Народная фантазия, предвосхищая будущее, приписала даже Карлу предвидение тех бедствий, которые должны были причинить государству при его слабых преемниках норманны; видно это из следующего рассказа. Однажды Карл, путешествуя, прибыл неожиданно в один из приморских городов южной Галлии, и в то время, как он расположился обедать, у входа в гавань показались норманнские пираты. Его спутники сочли их суда за купеческие, но мудрейший Карл по их виду и быстроте уразумел, что это не купцы, а враги, и сказал своим: «Суда эти везут не товары, а злейших врагов». Услышав это, франки кинулись наперегонки к судам, но напрасно: норманны, узнав о присутствии Карла, которого они называли Мартеллом, испугались за свои суда и поспешным бегством ускользнули не только от мечей, но и от взоров преследователей.

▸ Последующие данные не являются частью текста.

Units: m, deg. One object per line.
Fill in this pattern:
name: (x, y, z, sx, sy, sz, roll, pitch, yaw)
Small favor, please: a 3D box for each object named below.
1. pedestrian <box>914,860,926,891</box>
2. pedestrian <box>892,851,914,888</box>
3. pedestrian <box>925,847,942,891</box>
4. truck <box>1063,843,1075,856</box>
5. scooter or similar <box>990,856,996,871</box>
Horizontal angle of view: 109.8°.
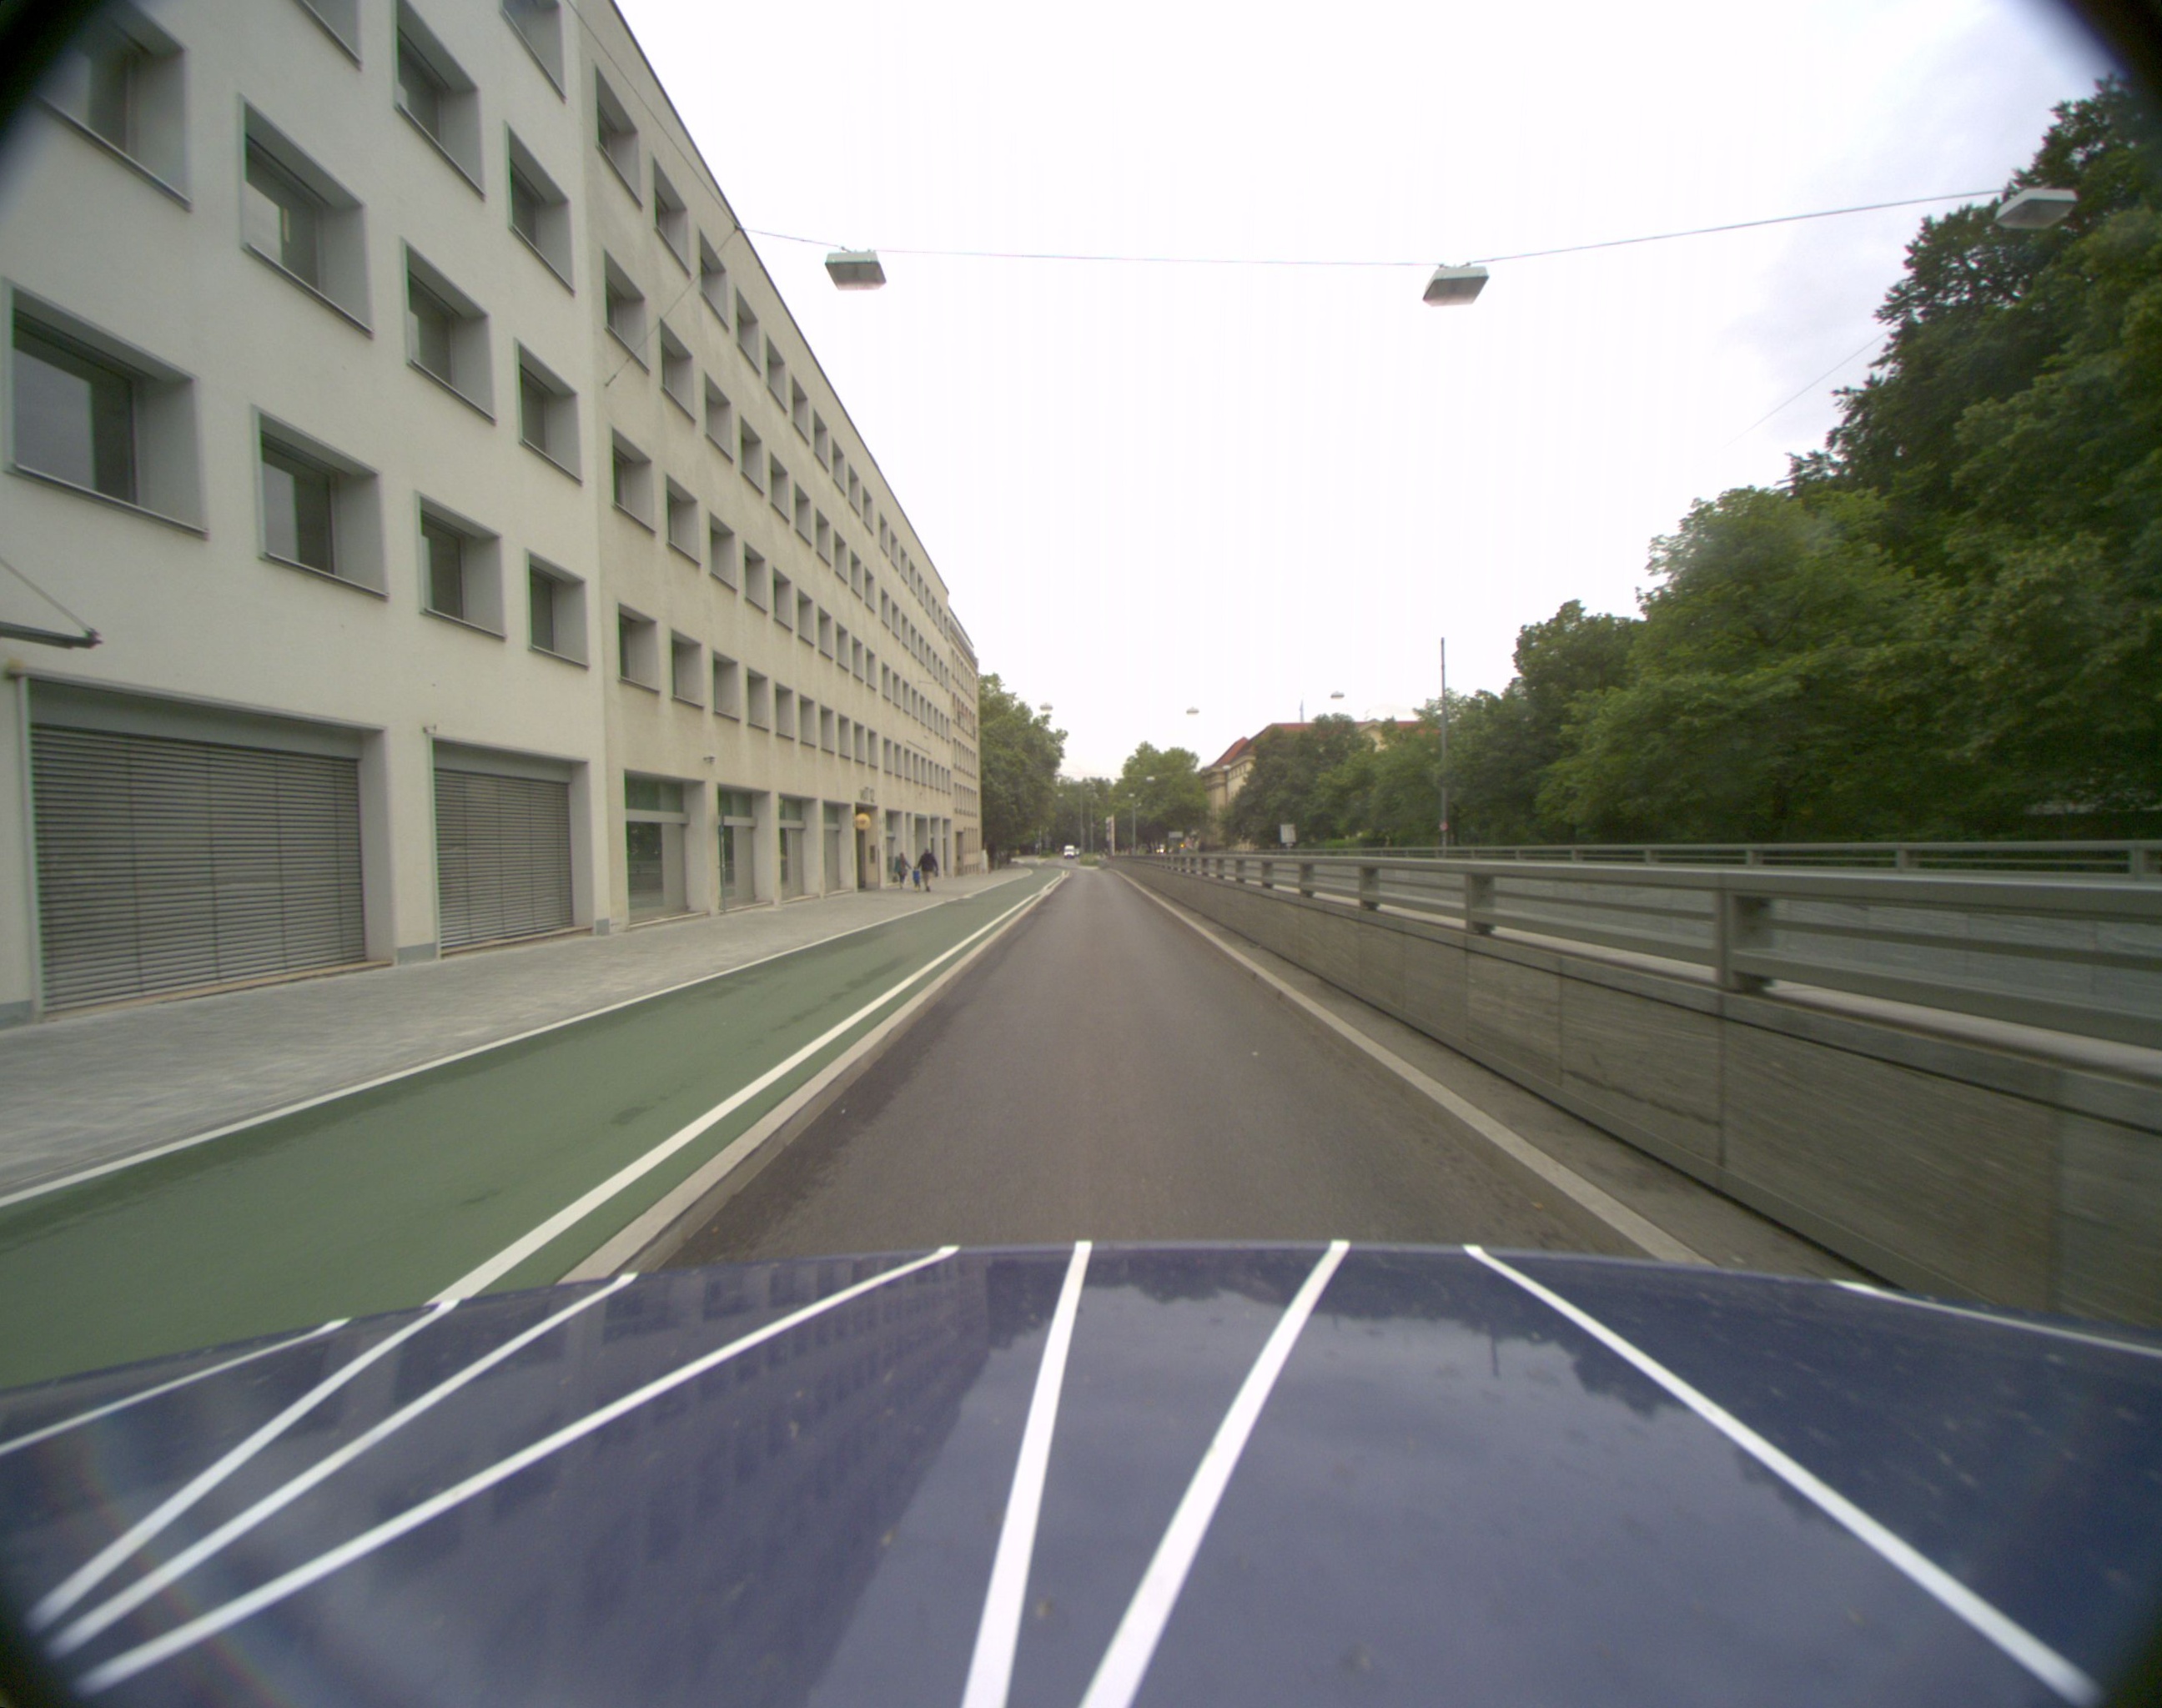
pedestrian: (-6.735, 0.897, 31.773, 0.368, 1.239, 0.470, 2, 1, 1)
pedestrian: (-7.860, 0.680, 33.587, 0.754, 1.610, 0.704, 2, 1, 1)
pedestrian: (-6.229, 0.618, 32.126, 0.514, 1.825, 0.602, 2, 1, 1)
truck: (-2.489, -0.902, 155.618, 2.058, 2.625, 4.412, -2, 1, 3)
scooter or similar: (-7.399, 0.785, 64.152, 0.387, 1.265, 1.119, 1, 2, 0)

Между тем благочестивый Карл встал из-за стола, подошел к окну, выходившему на восток, и горько заплакал. Никто из окружавших его храбрых воинов не решался прервать его молчание. Наконец, сам он так объяснил им причину своей печали: «Знаете, верные мои друзья, отчего я так плакал? Не того я боюсь, что эти враги могут сколько-нибудь повредить мне своими наездами, а то меня страшно печалит, что они еще при жизни моей решились коснуться этого берега, и тревожит меня мысль, сколько зла причинят они моим потомкам и их подданным».